◆ Extracted entries ◆
[Start of section]

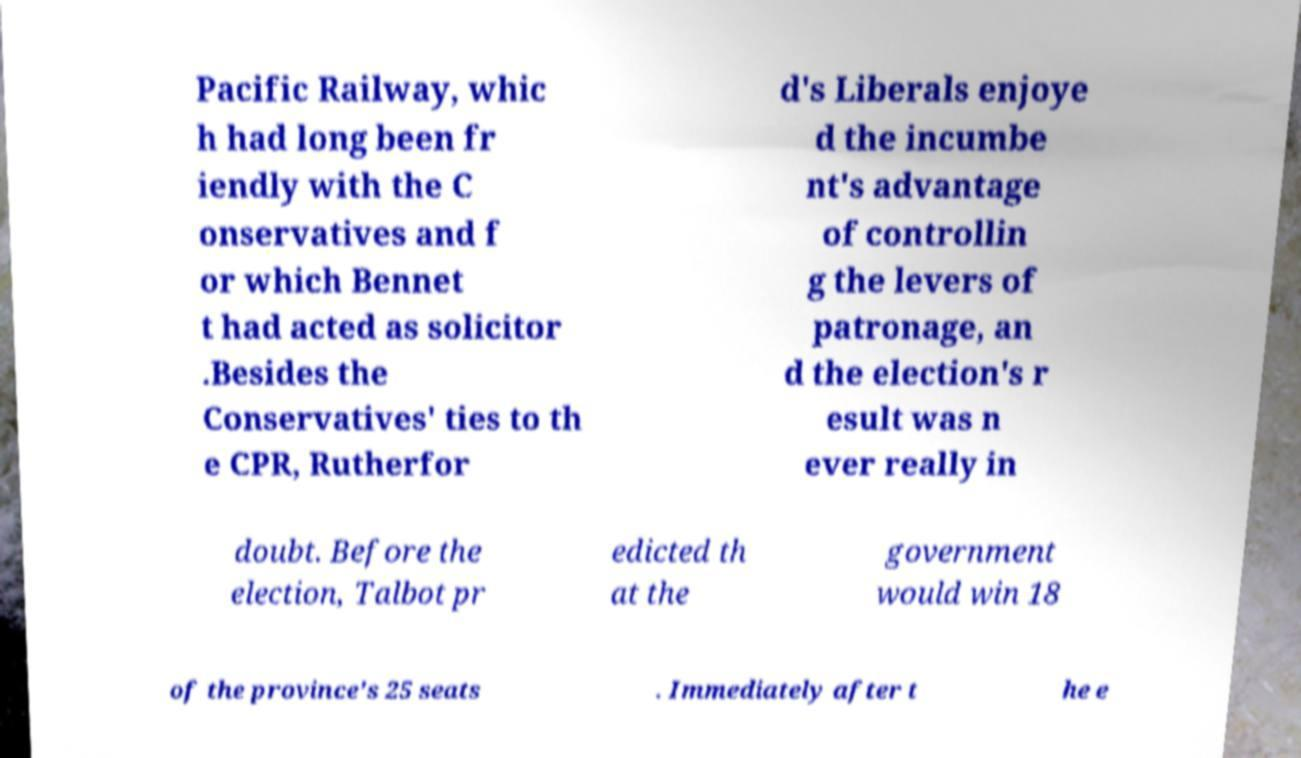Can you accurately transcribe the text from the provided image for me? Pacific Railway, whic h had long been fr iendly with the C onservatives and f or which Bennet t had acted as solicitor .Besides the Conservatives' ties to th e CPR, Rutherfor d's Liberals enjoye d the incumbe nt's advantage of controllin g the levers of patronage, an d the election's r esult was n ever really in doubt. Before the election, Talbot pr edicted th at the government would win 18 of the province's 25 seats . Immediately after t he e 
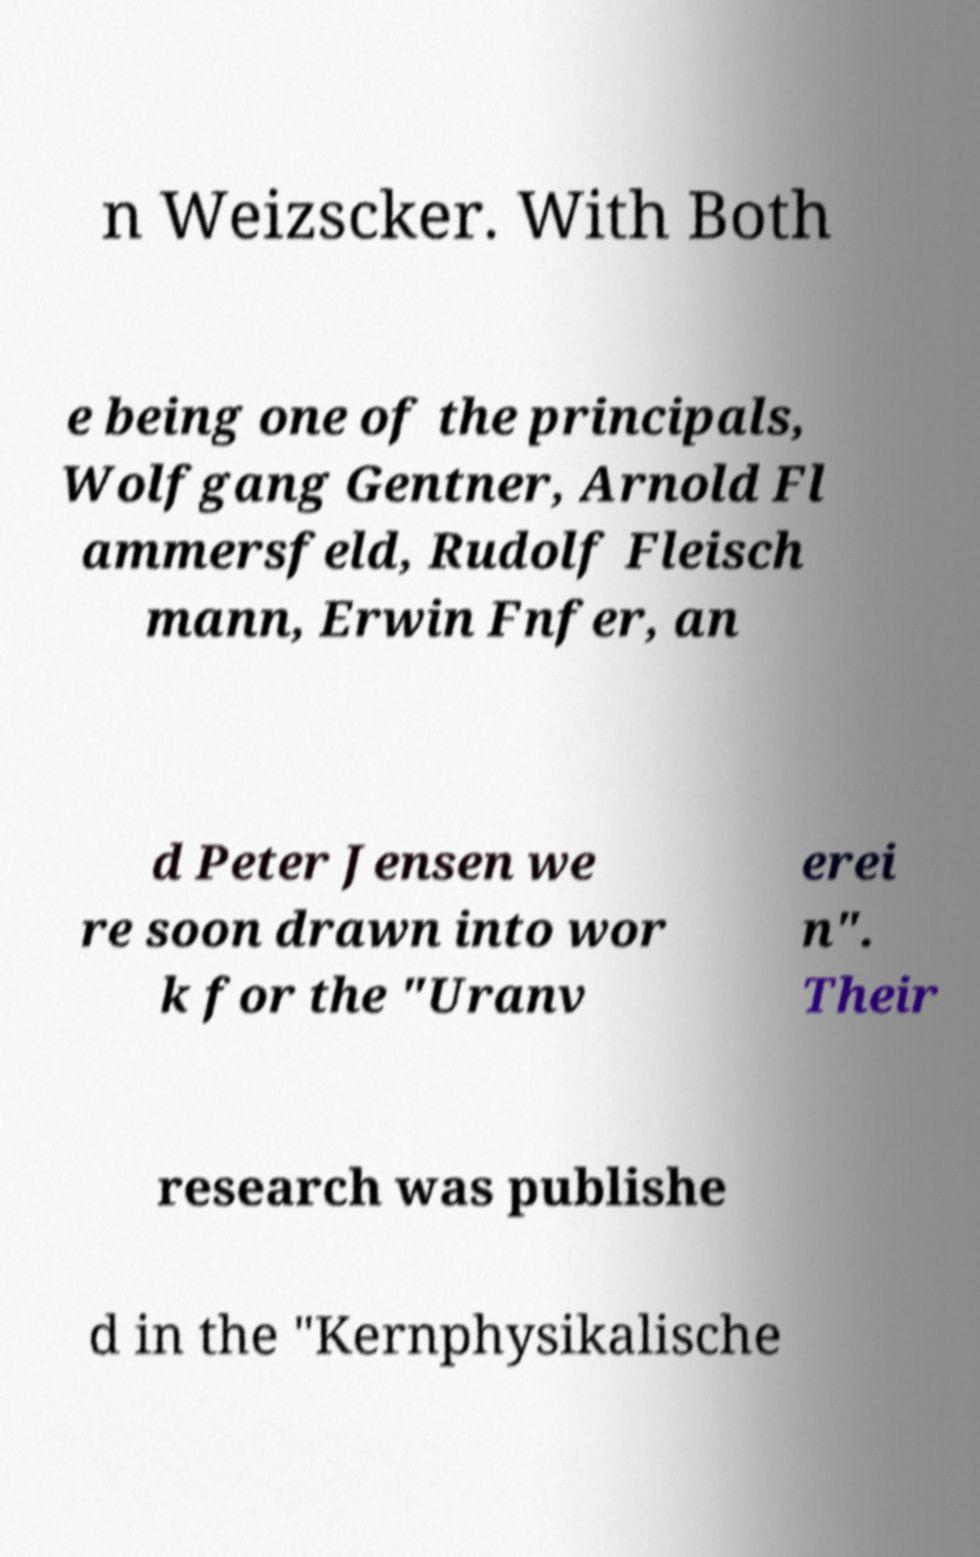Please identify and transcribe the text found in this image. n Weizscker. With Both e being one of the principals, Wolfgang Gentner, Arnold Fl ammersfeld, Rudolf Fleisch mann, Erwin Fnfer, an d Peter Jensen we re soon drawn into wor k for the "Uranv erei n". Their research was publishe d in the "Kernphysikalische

[End of section]
[Start of section]

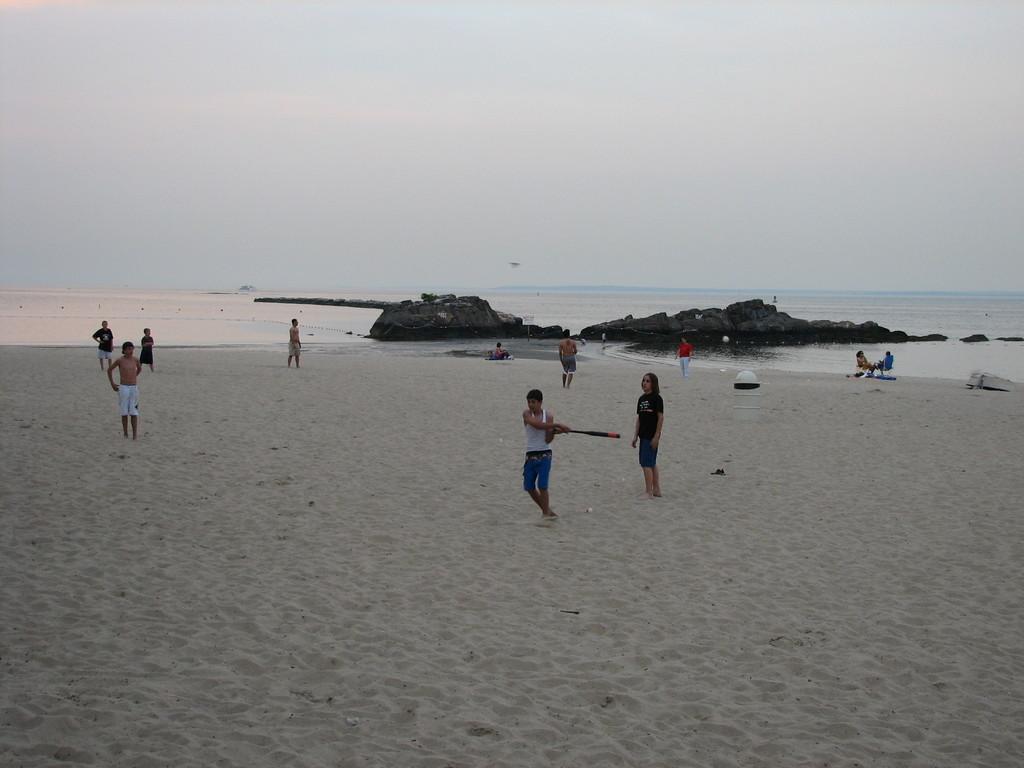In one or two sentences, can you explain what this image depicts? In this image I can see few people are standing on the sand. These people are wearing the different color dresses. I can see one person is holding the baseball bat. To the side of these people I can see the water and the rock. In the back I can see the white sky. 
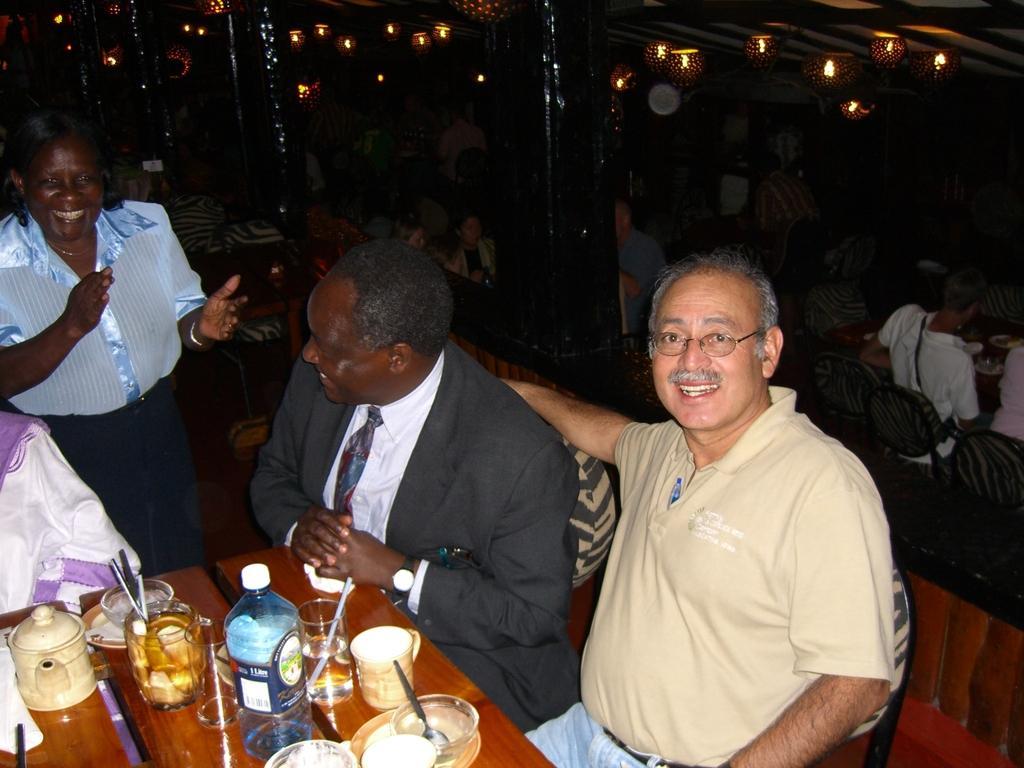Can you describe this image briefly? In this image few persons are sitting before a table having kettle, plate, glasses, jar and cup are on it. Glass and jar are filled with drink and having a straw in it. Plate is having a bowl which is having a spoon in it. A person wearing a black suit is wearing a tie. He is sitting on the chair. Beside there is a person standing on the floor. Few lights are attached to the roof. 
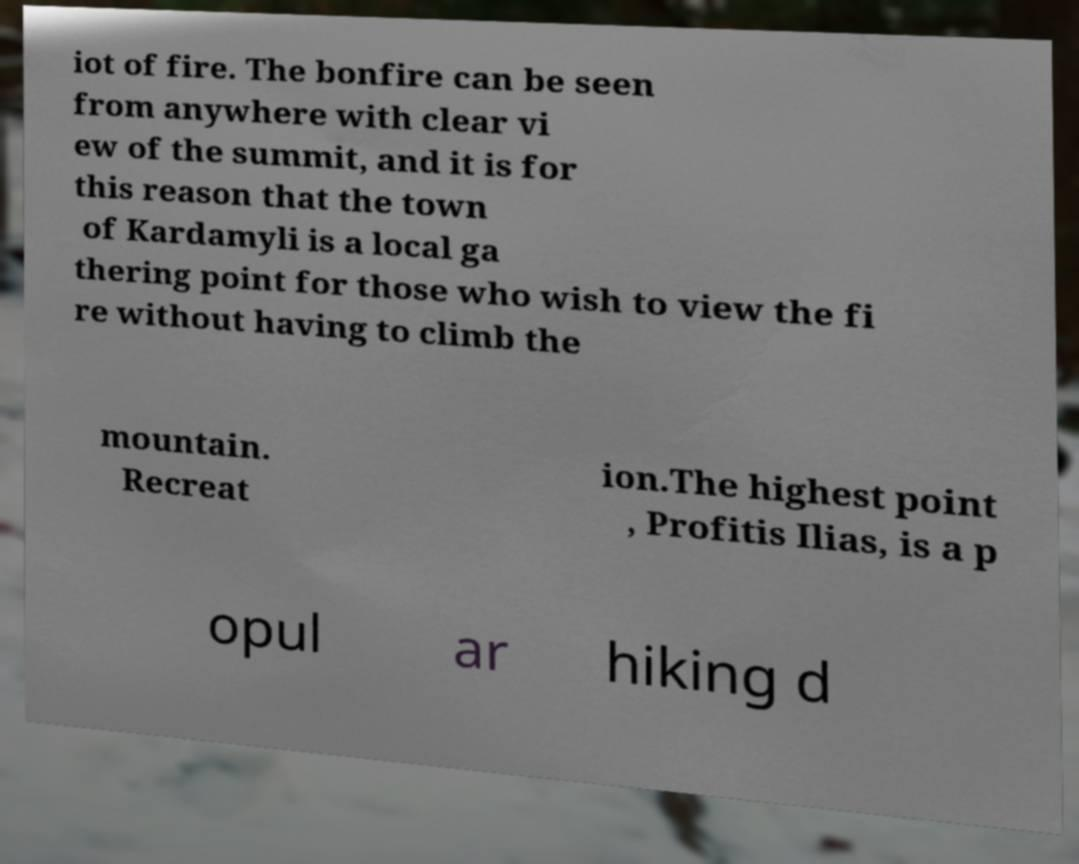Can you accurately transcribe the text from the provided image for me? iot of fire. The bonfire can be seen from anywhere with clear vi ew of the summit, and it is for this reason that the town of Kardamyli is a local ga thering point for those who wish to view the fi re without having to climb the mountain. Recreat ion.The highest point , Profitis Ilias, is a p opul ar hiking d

[End of section]
[Start of section]

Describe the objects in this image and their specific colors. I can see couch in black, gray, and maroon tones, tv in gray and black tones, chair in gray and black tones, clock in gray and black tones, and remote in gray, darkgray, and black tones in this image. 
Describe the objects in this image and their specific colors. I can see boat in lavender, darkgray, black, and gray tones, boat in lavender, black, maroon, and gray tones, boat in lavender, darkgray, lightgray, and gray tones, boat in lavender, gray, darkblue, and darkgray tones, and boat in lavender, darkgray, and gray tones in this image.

[End of section]

◆ Your objective ◆
From the data above, copy each line that holds "tones".

◆ Response to the exercise ◆
Describe the objects in this image and their specific colors. I can see couch in black, gray, and maroon tones, tv in gray and black tones, chair in gray and black tones, clock in gray and black tones, and remote in gray, darkgray, and black tones in this image. 
Describe the objects in this image and their specific colors. I can see boat in lavender, darkgray, black, and gray tones, boat in lavender, black, maroon, and gray tones, boat in lavender, darkgray, lightgray, and gray tones, boat in lavender, gray, darkblue, and darkgray tones, and boat in lavender, darkgray, and gray tones in this image.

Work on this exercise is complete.